- Theatrical release poster
- Directed by: Ram Gopal Varma
- Written by: Ram Gopal Varma Rommel Rodrigues
- Based on: Kasab: The Face of 26/11 by Rommel Rodrigues 2008 Mumbai Attacks
- Produced by: Parag Sanghvi
- Starring: Nana Patekar Sanjeev Jaiswal
- Cinematography: Harshraj Shroff M. Ravichandran Thevar
- Music by: Amar Mohile
- Production company: Alumbra Entertainment
- Distributed by: Eros International
- Release dates: February 2013 (Berlin); 1 March 2013;
- Running time: 116 minutes
- Country: India
- Language: Hindi
- Budget: ₹22 crore (US$2.3 million)
- Box office: ₹30.9 crore (US$3.2 million) (7.9 cr India 23 cr worldwide)

= The Attacks of 26/11 =

2013 Indian Hindi-language action thriller film

The Attacks of 26/11 is a 2013 Indian Hindi-language action thriller film directed by Ram Gopal Varma, based on the book Kasab: The Face of 26/11 by Rommel Rodrigues about Ajmal Kasab, then sole surviving perpetrator of the 2008 Mumbai attacks.

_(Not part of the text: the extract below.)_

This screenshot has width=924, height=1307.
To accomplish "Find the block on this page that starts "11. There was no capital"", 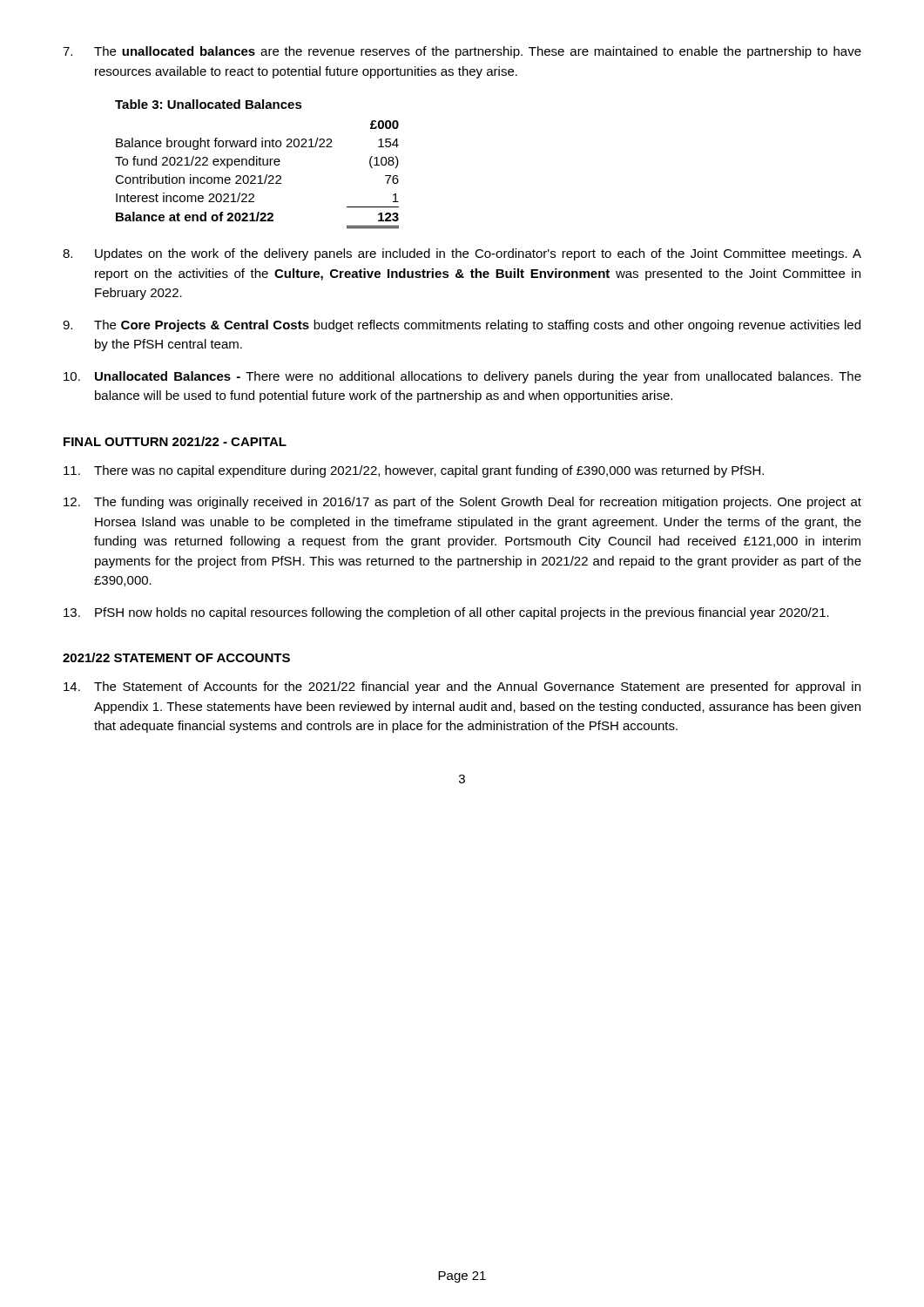I will click(x=462, y=470).
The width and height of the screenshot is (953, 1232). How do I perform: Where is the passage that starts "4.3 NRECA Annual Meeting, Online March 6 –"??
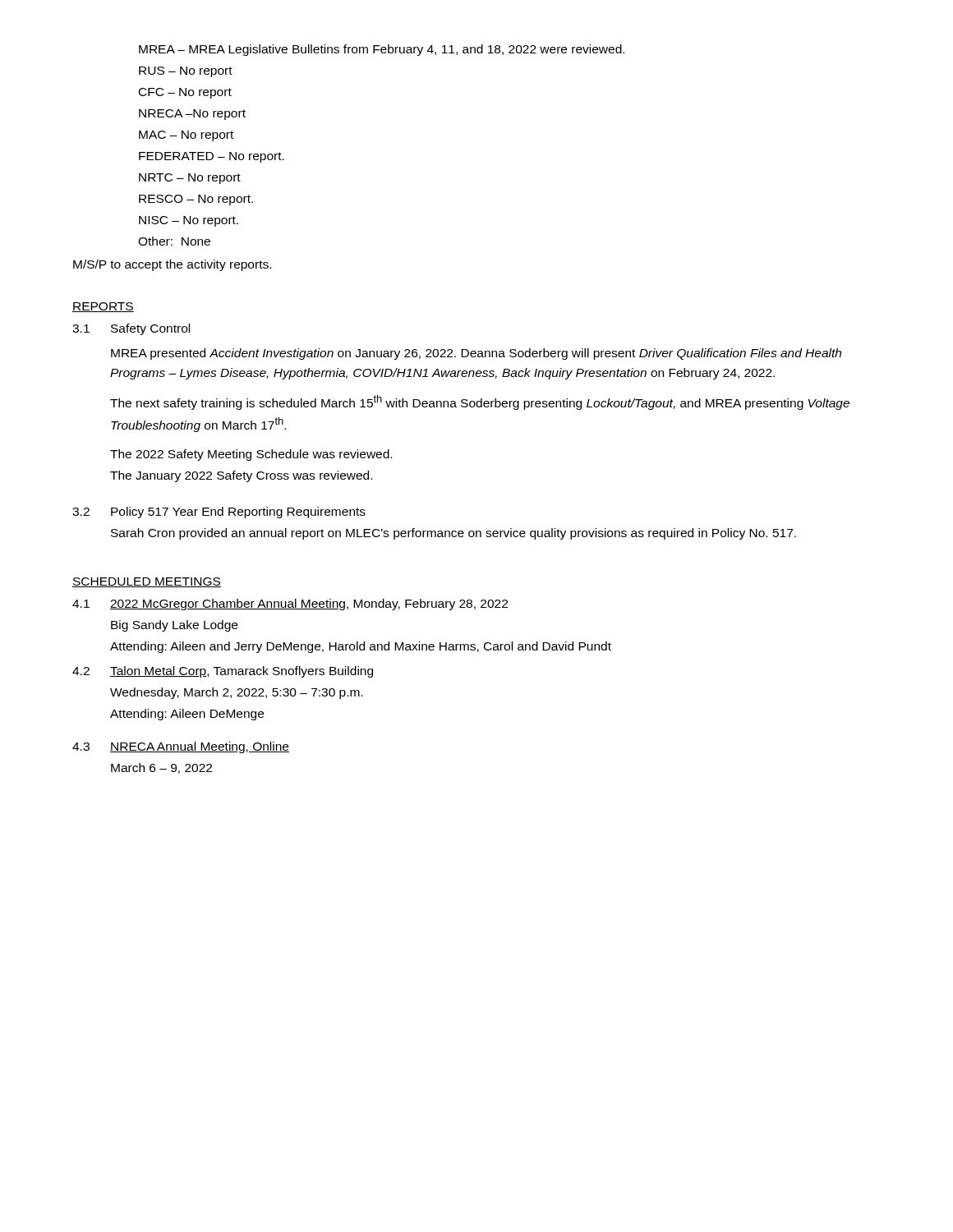pyautogui.click(x=181, y=747)
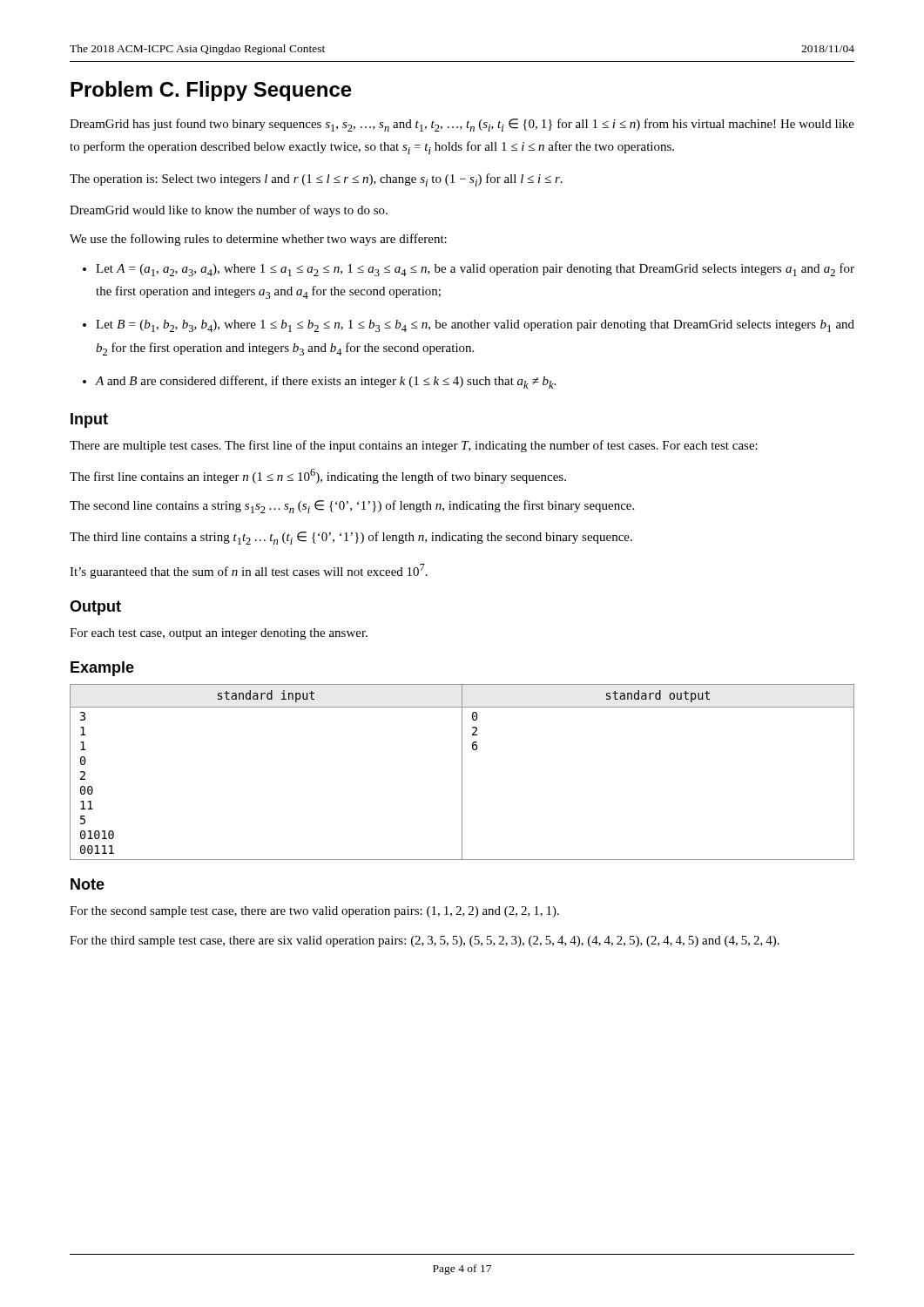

The film stars Nana Patekar as Rakesh Maria, then Joint Commissioner of Police and Sanjeev Jaiswal in his film debut, playing the role of terrorist Ajmal Kasab.

== Plot ==
Before a committee investigating the 2008 Mumbai Attacks, Rakesh Maria, the Joint Commissioner of Police, recounts the execution of the attacks, the police response, and the interrogation of the sole surviving perpetrator, Ajmal Kasab.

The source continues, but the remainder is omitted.